*** Records supplied Section Begins ***

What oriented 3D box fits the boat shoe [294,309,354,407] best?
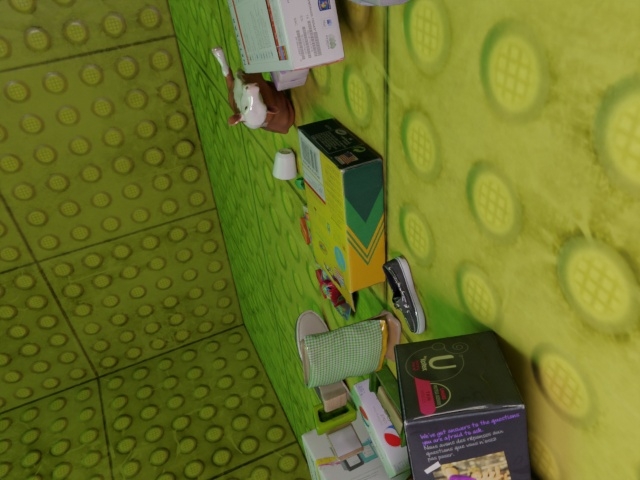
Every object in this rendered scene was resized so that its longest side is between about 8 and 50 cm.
[{"bbox_3d":[-0.003,0.365,1.608,0.335,0.112,0.095,69,160,-3],"label":"boat shoe"}]

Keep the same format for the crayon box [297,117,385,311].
[{"bbox_3d":[0.043,-0.047,1.044,0.202,0.081,0.318,-128,25,-49],"label":"crayon box"}]

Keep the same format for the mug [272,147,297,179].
[{"bbox_3d":[-0.093,-0.198,1.368,0.078,0.062,0.064,46,143,43],"label":"mug"}]

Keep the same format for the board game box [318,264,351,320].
[{"bbox_3d":[0.024,0.122,1.304,0.133,0.033,0.168,56,159,27],"label":"board game box"}]

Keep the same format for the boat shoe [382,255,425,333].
[{"bbox_3d":[0.143,0.098,0.948,0.049,0.040,0.142,179,74,-73],"label":"boat shoe"}]

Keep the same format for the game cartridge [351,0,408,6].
[{"bbox_3d":[0.013,-0.454,0.731,0.355,0.068,0.230,-129,21,-51],"label":"game cartridge"}]

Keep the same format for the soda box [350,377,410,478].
[{"bbox_3d":[0.146,0.426,1.257,0.074,0.069,0.216,100,148,-59],"label":"soda box"}]

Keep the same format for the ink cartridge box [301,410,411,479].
[{"bbox_3d":[0.101,0.607,1.372,0.270,0.197,0.198,-138,33,-60],"label":"ink cartridge box"}]

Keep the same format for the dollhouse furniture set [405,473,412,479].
[{"bbox_3d":[0.270,0.576,0.948,0.374,0.152,0.201,47,156,18],"label":"dollhouse furniture set"}]

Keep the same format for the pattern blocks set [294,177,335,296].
[{"bbox_3d":[0.000,0.000,1.340,0.285,0.026,0.324,-179,72,-73],"label":"pattern blocks set"}]

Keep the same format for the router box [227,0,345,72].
[{"bbox_3d":[-0.086,-0.434,0.831,0.301,0.082,0.335,-142,37,-63],"label":"router box"}]

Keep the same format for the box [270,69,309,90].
[{"bbox_3d":[-0.113,-0.463,1.122,0.063,0.067,0.323,123,128,-69],"label":"box"}]

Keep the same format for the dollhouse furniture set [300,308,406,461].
[{"bbox_3d":[0.084,0.305,1.090,0.301,0.198,0.151,86,160,-44],"label":"dollhouse furniture set"}]

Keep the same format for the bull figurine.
[{"bbox_3d":[-0.135,-0.308,1.146,0.310,0.101,0.188,-8,-101,-80],"label":"bull figurine"}]

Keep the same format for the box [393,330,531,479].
[{"bbox_3d":[0.189,0.283,0.730,0.165,0.143,0.270,-84,-17,-68],"label":"box"}]

*** Records supplied Section Ends ***

--- Exercise requirements ---
The data above must be given again in full and unaltered, minus its images.

--- Exercise output ---
What oriented 3D box fits the boat shoe [294,309,354,407] best?
Every object in this rendered scene was resized so that its longest side is between about 8 and 50 cm.
[{"bbox_3d":[-0.003,0.365,1.608,0.335,0.112,0.095,69,160,-3],"label":"boat shoe"}]

Keep the same format for the crayon box [297,117,385,311].
[{"bbox_3d":[0.043,-0.047,1.044,0.202,0.081,0.318,-128,25,-49],"label":"crayon box"}]

Keep the same format for the mug [272,147,297,179].
[{"bbox_3d":[-0.093,-0.198,1.368,0.078,0.062,0.064,46,143,43],"label":"mug"}]

Keep the same format for the board game box [318,264,351,320].
[{"bbox_3d":[0.024,0.122,1.304,0.133,0.033,0.168,56,159,27],"label":"board game box"}]

Keep the same format for the boat shoe [382,255,425,333].
[{"bbox_3d":[0.143,0.098,0.948,0.049,0.040,0.142,179,74,-73],"label":"boat shoe"}]

Keep the same format for the game cartridge [351,0,408,6].
[{"bbox_3d":[0.013,-0.454,0.731,0.355,0.068,0.230,-129,21,-51],"label":"game cartridge"}]

Keep the same format for the soda box [350,377,410,478].
[{"bbox_3d":[0.146,0.426,1.257,0.074,0.069,0.216,100,148,-59],"label":"soda box"}]

Keep the same format for the ink cartridge box [301,410,411,479].
[{"bbox_3d":[0.101,0.607,1.372,0.270,0.197,0.198,-138,33,-60],"label":"ink cartridge box"}]

Keep the same format for the dollhouse furniture set [405,473,412,479].
[{"bbox_3d":[0.270,0.576,0.948,0.374,0.152,0.201,47,156,18],"label":"dollhouse furniture set"}]

Keep the same format for the pattern blocks set [294,177,335,296].
[{"bbox_3d":[0.000,0.000,1.340,0.285,0.026,0.324,-179,72,-73],"label":"pattern blocks set"}]

Keep the same format for the router box [227,0,345,72].
[{"bbox_3d":[-0.086,-0.434,0.831,0.301,0.082,0.335,-142,37,-63],"label":"router box"}]

Keep the same format for the box [270,69,309,90].
[{"bbox_3d":[-0.113,-0.463,1.122,0.063,0.067,0.323,123,128,-69],"label":"box"}]

Keep the same format for the dollhouse furniture set [300,308,406,461].
[{"bbox_3d":[0.084,0.305,1.090,0.301,0.198,0.151,86,160,-44],"label":"dollhouse furniture set"}]

Keep the same format for the bull figurine.
[{"bbox_3d":[-0.135,-0.308,1.146,0.310,0.101,0.188,-8,-101,-80],"label":"bull figurine"}]

Keep the same format for the box [393,330,531,479].
[{"bbox_3d":[0.189,0.283,0.730,0.165,0.143,0.270,-84,-17,-68],"label":"box"}]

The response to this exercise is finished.